Once when speaking to a young man about the matter of his salvation, he discovered that this individual had great difficulty in believing that the Lord could, and would save him from his sin.

Dr. Bonar asked 'Which is of greater weight your sin, or the blood of Jesus shed for sinners?' Joyfully the young man answered 'I am sure the blood of Jesus weighs more heavily than even my sin.' Thus by the holy wisdom and devoted skill of the man of God he was brought to saving faith in Christ. Dr. Bonar firmly believed that the only antidote to crimson sin is the cleansing blood of the Lord Jesus.

He was a prolific writer, editing two magazines, publishing many articles and producing hundreds of tracts. One of these, entitled "Believe and live", and said to be a favourite of Queen Victoria, sold a million copies. He also wrote 600 hymns and translated at least 60 Psalms.

Bonar was a man with a powerful and consecrated intellect, a deep knowledge of the Scriptures, and a physical stature both tall and strong. But these somewhat overpowering characteristics were offset by a gentle, sympathetic nature and a childlike faith.

Perhaps it was the childlikeness which gave him such a love for little ones. Certainly it was his love and concern for the young that led him to the writing of his hymns.

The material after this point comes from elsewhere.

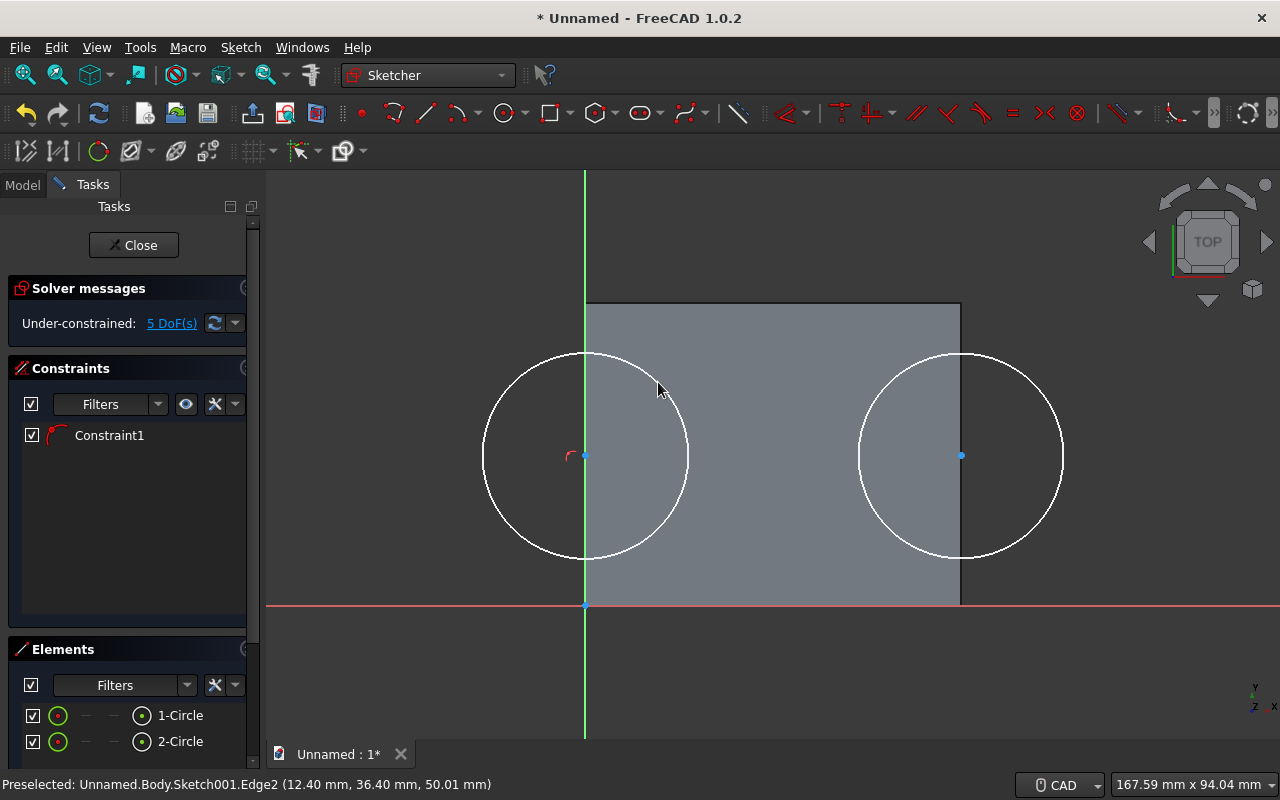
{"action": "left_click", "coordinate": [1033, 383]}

When he observed their rather indifferent spirit towards the traditional singing of the Psalms; but a much livelier attitude when singing their weekday songs, he decided to write sacred words for their joyful tunes.

The experiment met with instant success and brought excellent results too. One woman who had attended his weekly Bible class later testified, 'We still cherish the hymn he wrote specially for us.' It ran;

Shall this life of mine be wasted,
Shall this vineyard lie untilled?
Then no longer idly dreaming,
Shall I fling my years away;
But, each precious hour redeeming,
Wait for the eternal day.

In 1866 Horatius Bonar moved to Edinburgh, the city of his birth. There he continued his faithful labours for the Master until his death on July 31st, 1889. A sad loss to Scotland, its church and its people, but a life lived to the service of others and the glory of God.

I heard the voice of Jesus say,
'Come unto me and rest;
Lay down, thou weary one, lay down
Thy head upon my breast.'

I came to Jesus as I was
Weary, and worn, and sad;
I found in him a resting place,
And he has made me glad.


28 Come unto me, all ye that labour and are heavy laden, and I will give you rest.